While visiting another NGO several weeks earlier, I met a Syrian refugee who proudly told me about a home business she set up selling chocolate to support her family. She sold two kilograms (4.41 pounds) of chocolate for the price of seven dinar—about nine dollars. I was shocked. There was no way she could possibly be making money at that price.

For my internship project, I decided to write a micro-entrepreneur business skills training manual. I hoped that by learning about price-setting, record-keeping, and marketing, the women SIGI assisted would be able to maximize their profits and provide for their families.

A major challenge I had in the project’s design was the fact that many of the women SIGI works with are illiterate. How do you keep records if you can’t read or write? I was able to determine that visuals, analogies, and symbols could overcome this problem. I also avoided the use of technical terms, such as “comparative advantage.” Who knew what that meant, anyway?

The other students and I organized Thanksgiving dinner at the end of November. I offered to make apple pie. I made the dough on their kitchen table. The kids watched in fascination as I worked the frozen butter into the flour with a fork, and then kneaded it smooth. The resulting pie was about a foot in diameter. One of my sisters asked her mother, hopefully, “Kul shay l'asdiqayiha fi jamaya?” I gave her a look, so she knew I’d understood her. Is it all for her university friends? My Arabic was getting better.

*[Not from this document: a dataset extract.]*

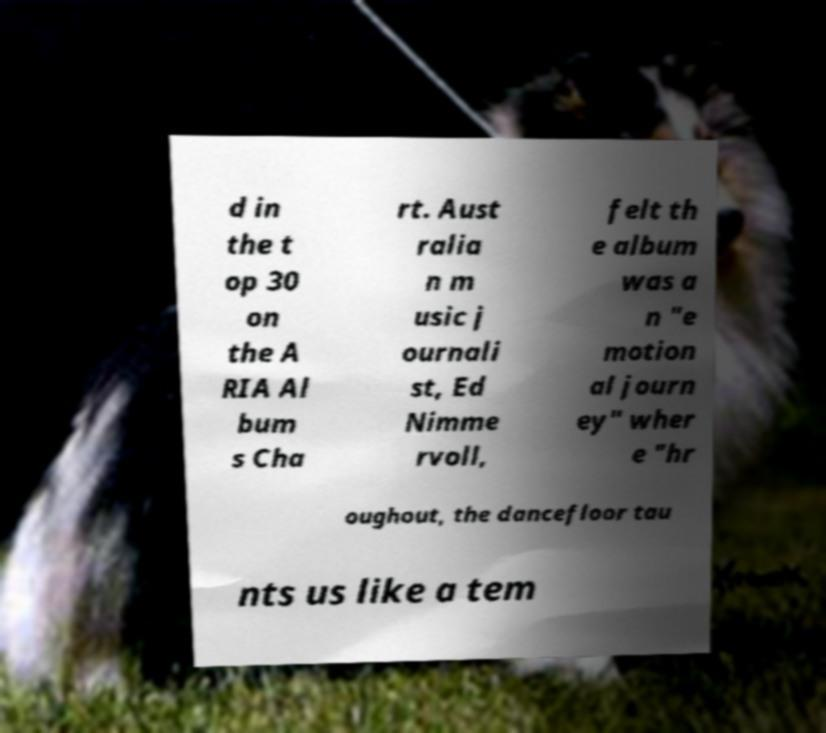There's text embedded in this image that I need extracted. Can you transcribe it verbatim? d in the t op 30 on the A RIA Al bum s Cha rt. Aust ralia n m usic j ournali st, Ed Nimme rvoll, felt th e album was a n "e motion al journ ey" wher e "hr oughout, the dancefloor tau nts us like a tem

We ordered turkeys, stuffing, pumpkin pie, mashed potatoes, gravy, green beans, and sweet potato casserole—the works. When I returned home, I gave my siblings the rest of the apple pie, which they liked. My sister tried the pumpkin and immediately spit it out. “That’s disgusting!”

During the last few weeks, we travelled south to tour Jordan’s most iconic landscapes. We swam in the jewel-blue Gulf of Aqaba. We rode in the beds of rickety trucks across the pink dunes of Wadi Rum, screaming as they lurched left and right. We hiked through a basin to see Petra, where Indiana Jones had saved the Holy Grail from Nazis.

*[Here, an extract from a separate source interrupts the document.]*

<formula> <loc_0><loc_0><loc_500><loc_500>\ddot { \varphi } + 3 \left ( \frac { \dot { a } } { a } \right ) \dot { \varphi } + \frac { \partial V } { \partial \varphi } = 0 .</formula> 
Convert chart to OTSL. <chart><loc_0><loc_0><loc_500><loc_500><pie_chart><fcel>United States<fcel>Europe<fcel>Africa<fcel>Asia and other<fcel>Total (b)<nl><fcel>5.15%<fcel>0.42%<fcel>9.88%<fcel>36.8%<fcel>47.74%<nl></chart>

I spent my last night in Jordan crying my eyes out. I couldn’t bear knowing how long it would be before I saw my study-abroad friends again. Most of them lived on the East Coast. It broke my heart to leave my Jordanian siblings.

I left Amman on a bus at 6:30 in the morning feeling morose. The bus rumbled across the West Bank, passing makeshift tents and goats, until we arrived at the Israeli border. A girl with a military-grade rifle boarded the bus and asked for our passports. One eye on her gun, I handed mine over. She returned it and left without a word.

From the checkpoint we drove directly to Jerusalem. I dozed off somewhere in between, waking with a jolt to find myself in a busy cosmopolitan center. The bus driver shooed us out onto the streets, and I found myself staring at walls that rose 50 feet in the air. This marked the boundary of the Old City, where my hotel was.

Without much thought, I dragged my suitcases into the Old City, thinking I would easily be able to navigate it. After all, it was less than a half-mile square.

I didn’t take long for me to realize I’d made a mistake. What I didn’t account for were the uneven cobblestones, stairs, and narrow roads bustling with tourists and locals. In other words, I hadn’t counted on the Old City being old. I dragged my two suitcases through as best I could, heart hammering and sweat dripping down my back, past vendors selling bagels or crucifixes.

I passed through an archway into an open courtyard filled with tourists. After a quick glance around, I realized I had accidentally found the Church of the Holy Sepulchre—the same church Sedo’s family had protected for millennia. I felt a strange sort of pride.

I set my bags down on the steps and went to go look for my cousin.